There has been previous questions (here, here and here) related to my question, however my question has a different aspect to it, which I have not seen in any of the previously asked questions.

I have acquired a dataset for my research using Kinect Depth sensor. This dataset is in the format of .png images for both depth and rgb stream at a specific instant. To give you more idea below are the frames:

RGB Image

Depth Image

EDIT: I am adding the edge detection output here.

Sobel Edge detection output for:

  1. RGB Image Edge RGB

  2. Depth Image Edge Depth

Now what I am trying to do is align these two frames to give me a combined RGBZ image.

I do not have knowledge of the underlying camera characteristics or the distance between both rgb and infrared sensors.

Is there a method which can be applied to match the RGB values to the corresponding Z values?

One of the ideas I have is to use edges in both images and try to match them.

2
How come all the questions you mentioned not helping you solve this problem?Shai
All the solutions previously provided are using inbuilt OpenNI functions to align the data, 'g_depth.GetAlternativeViewPointCap().SetViewPoint(g_image)'. What I am trying to achieve here is to write a similar function but not using the camera characteristics.masad

2 Answers

4
votes

This is for those of you who are experiencing the same problem. I thought it might help to share what I have found out.

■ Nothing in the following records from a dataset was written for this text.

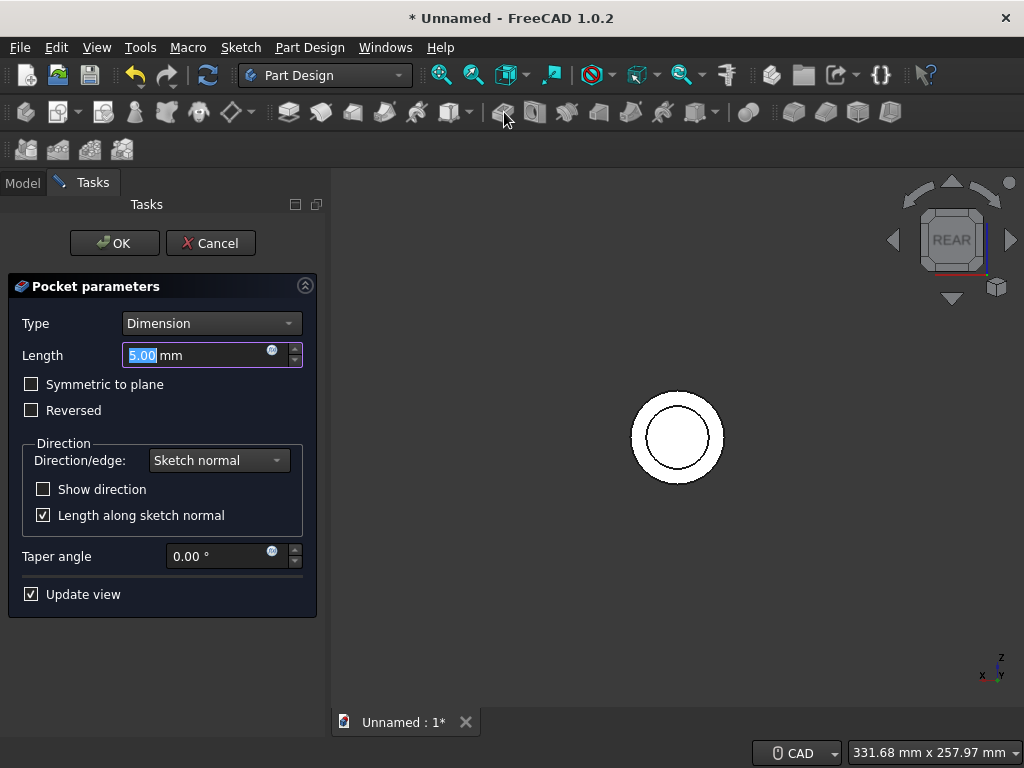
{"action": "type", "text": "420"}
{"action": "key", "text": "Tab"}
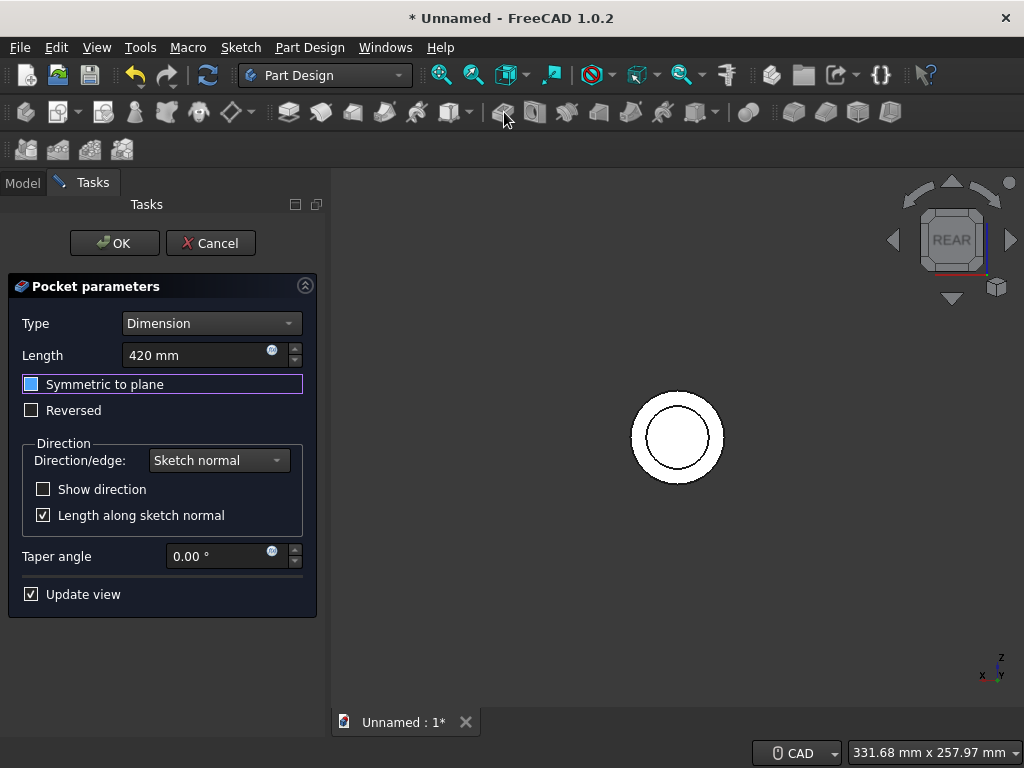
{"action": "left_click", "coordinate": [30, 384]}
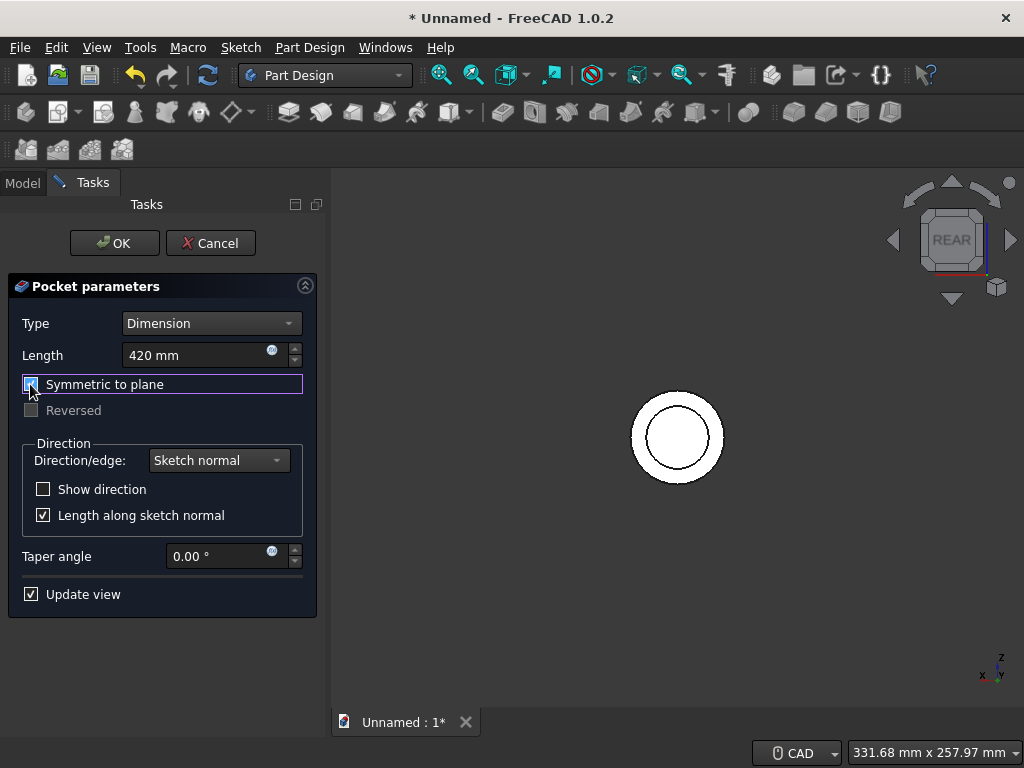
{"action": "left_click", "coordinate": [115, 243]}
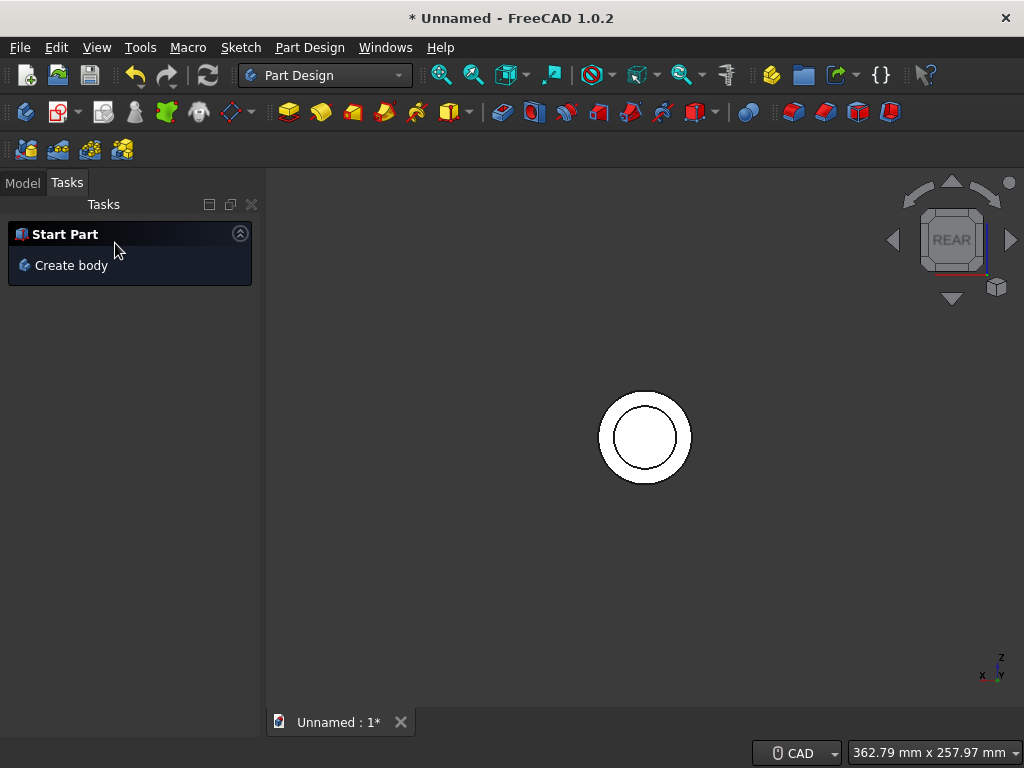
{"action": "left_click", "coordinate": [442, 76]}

As notified by Bill, camera calibration is the best solution to this problem.

However I found out that, using homographies and epipolar lines both the images can be aligned. This requires atleast 8 matching features in both images. This is a difficult problem when dealing with depth images.

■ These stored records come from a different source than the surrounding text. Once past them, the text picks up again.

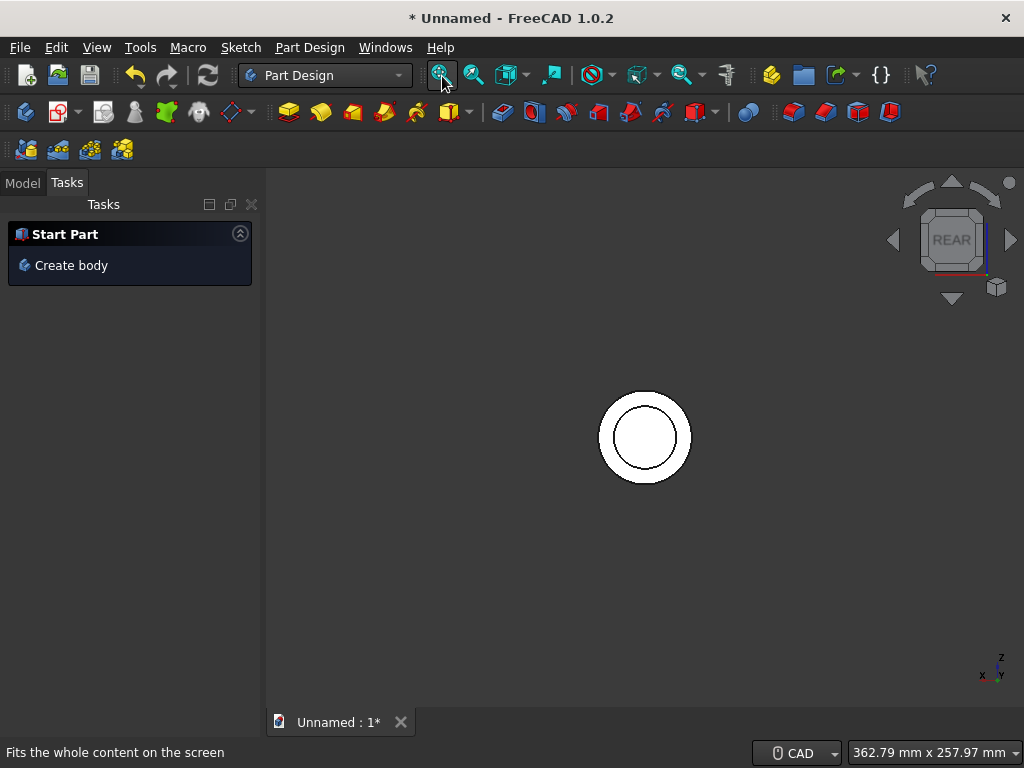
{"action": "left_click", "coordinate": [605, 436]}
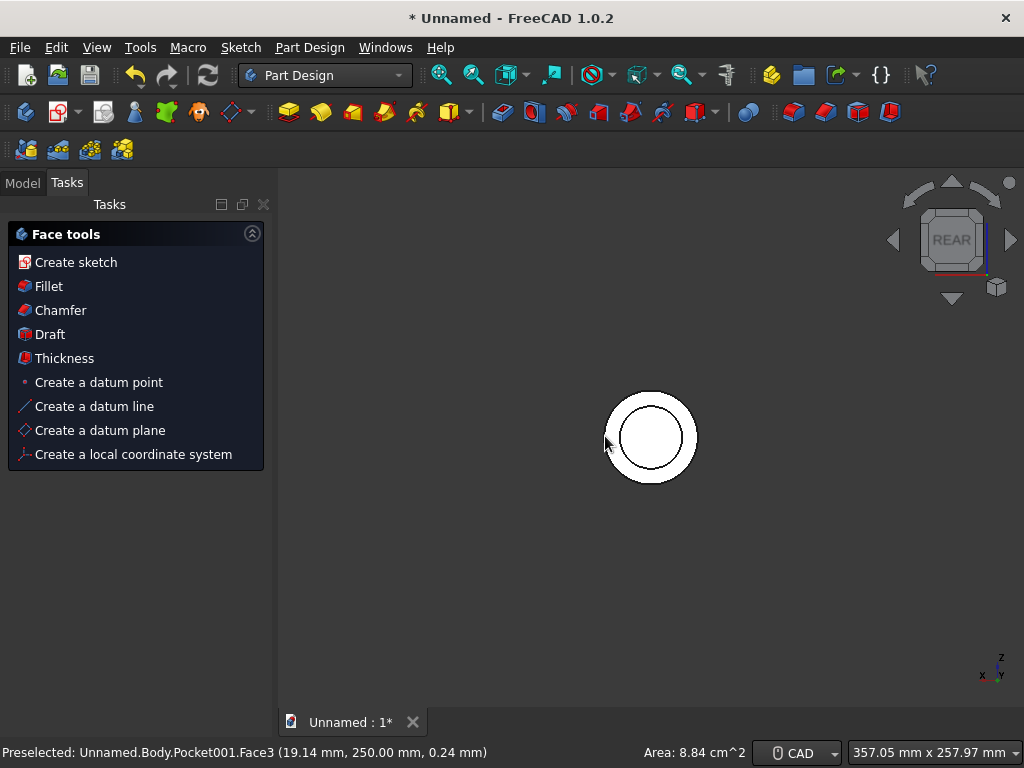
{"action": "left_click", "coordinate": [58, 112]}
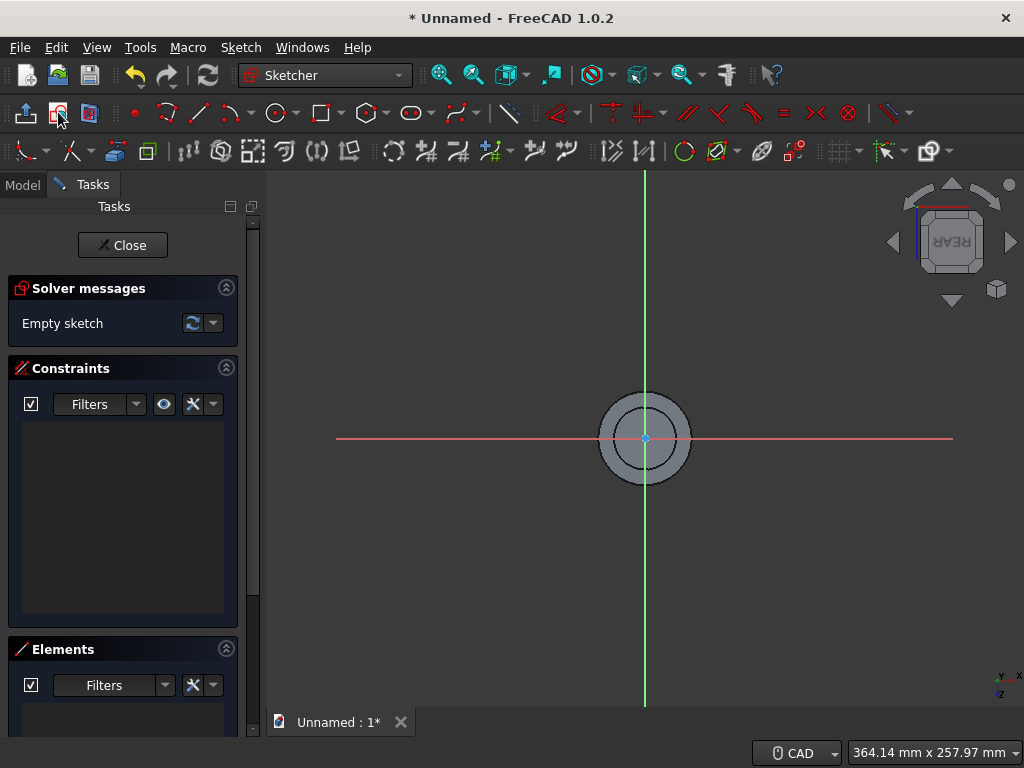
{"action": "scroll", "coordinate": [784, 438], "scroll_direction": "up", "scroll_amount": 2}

There have been several attempts to calibrate these images which can be found here and here both require a calibration pattern to calibrate. What I was trying to achieve was to align already captured depth and rgb images, which can be done given I calibrate parameters from the same kinect sensor which I used to record.

I have found that the best way to get around this problem is to align both the images using built in library function in OpenNI and Kinect SDK.

1
votes

In general what you are trying to do from a pair of RGB and Depth images is non-trivial and ill-defined. As humans we recognise the arm in the RGB image, and are able to relate it to the area of the depth image closer to the camera. However, a computer has no prior knowledge about which parts of the RGB image it expects to correspond to which parts of the depth image.

The reason most algorithms for such alignment use camera calibration is that this process allows this ill-posed problem to become well-posed.

However, there may still be ways to find the correspondences, particularly if you have lots of image pairs from the same Kinect. You then need only search for one set of transformation parameters. I don't know of any existing algorithms to do this, but as you note in your question you may find something like doing edge detection on both images and trying to align the edge images a good place to start.

Finally, note that when objects get close to the Kinect the correspondence between RGB and depth images can become poor, even after the images have been calibrated. You can see some of this effect in your images - the 'shadow' that the hand makes in your example depth image is somewhat indicative of this.